(BRIEF) Could you copy the data that follows exactly as written, but drop the pictures?

[[ SUPPLIED MATERIAL, beginning ]]

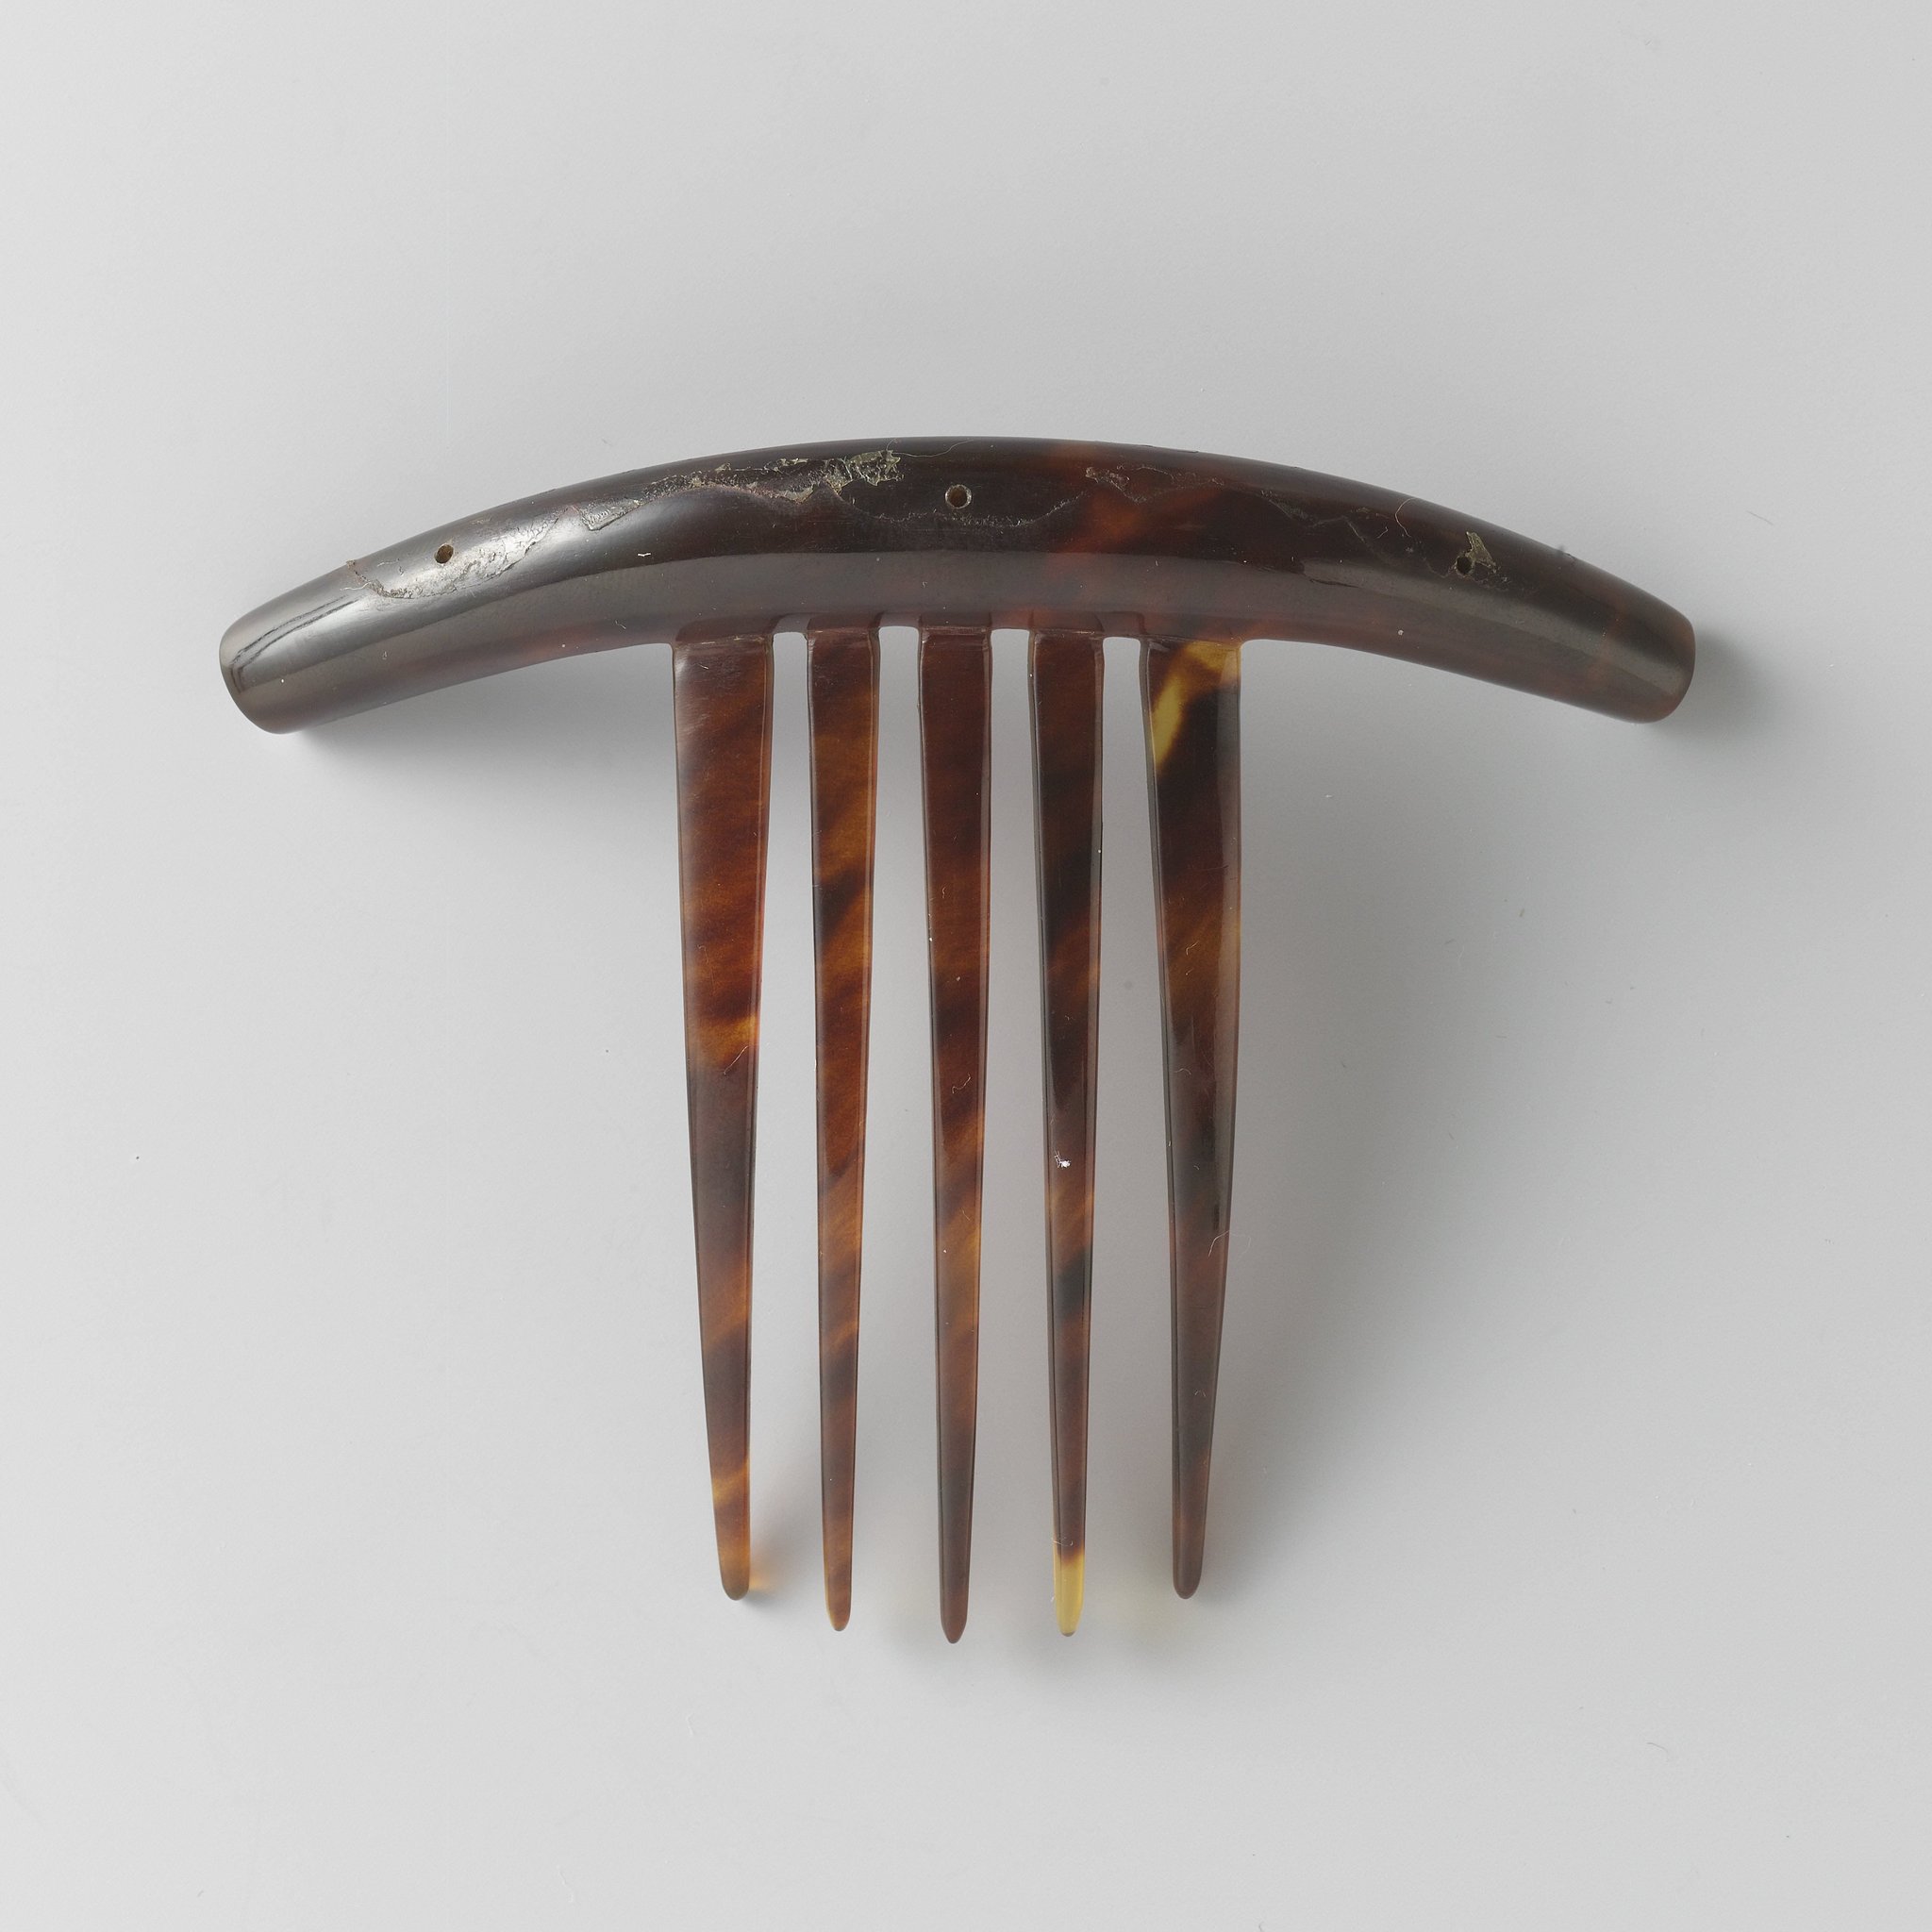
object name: comb
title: Haarkam van schildpad met smalle, onversierde gebogen rug
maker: Anonymous
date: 1885-1900
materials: shell
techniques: assembly, filing, polish, pressing, sawing
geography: netherlands
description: Haarkam van schildpad met smalle, onversierde gebogen rug. Vijf tanden.

[[ SUPPLIED MATERIAL, end ]]

(REPLY TO THE TASK)
object name: comb
title: Haarkam van schildpad met smalle, onversierde gebogen rug
maker: Anonymous
date: 1885-1900
materials: shell
techniques: assembly, filing, polish, pressing, sawing
geography: netherlands
description: Haarkam van schildpad met smalle, onversierde gebogen rug. Vijf tanden.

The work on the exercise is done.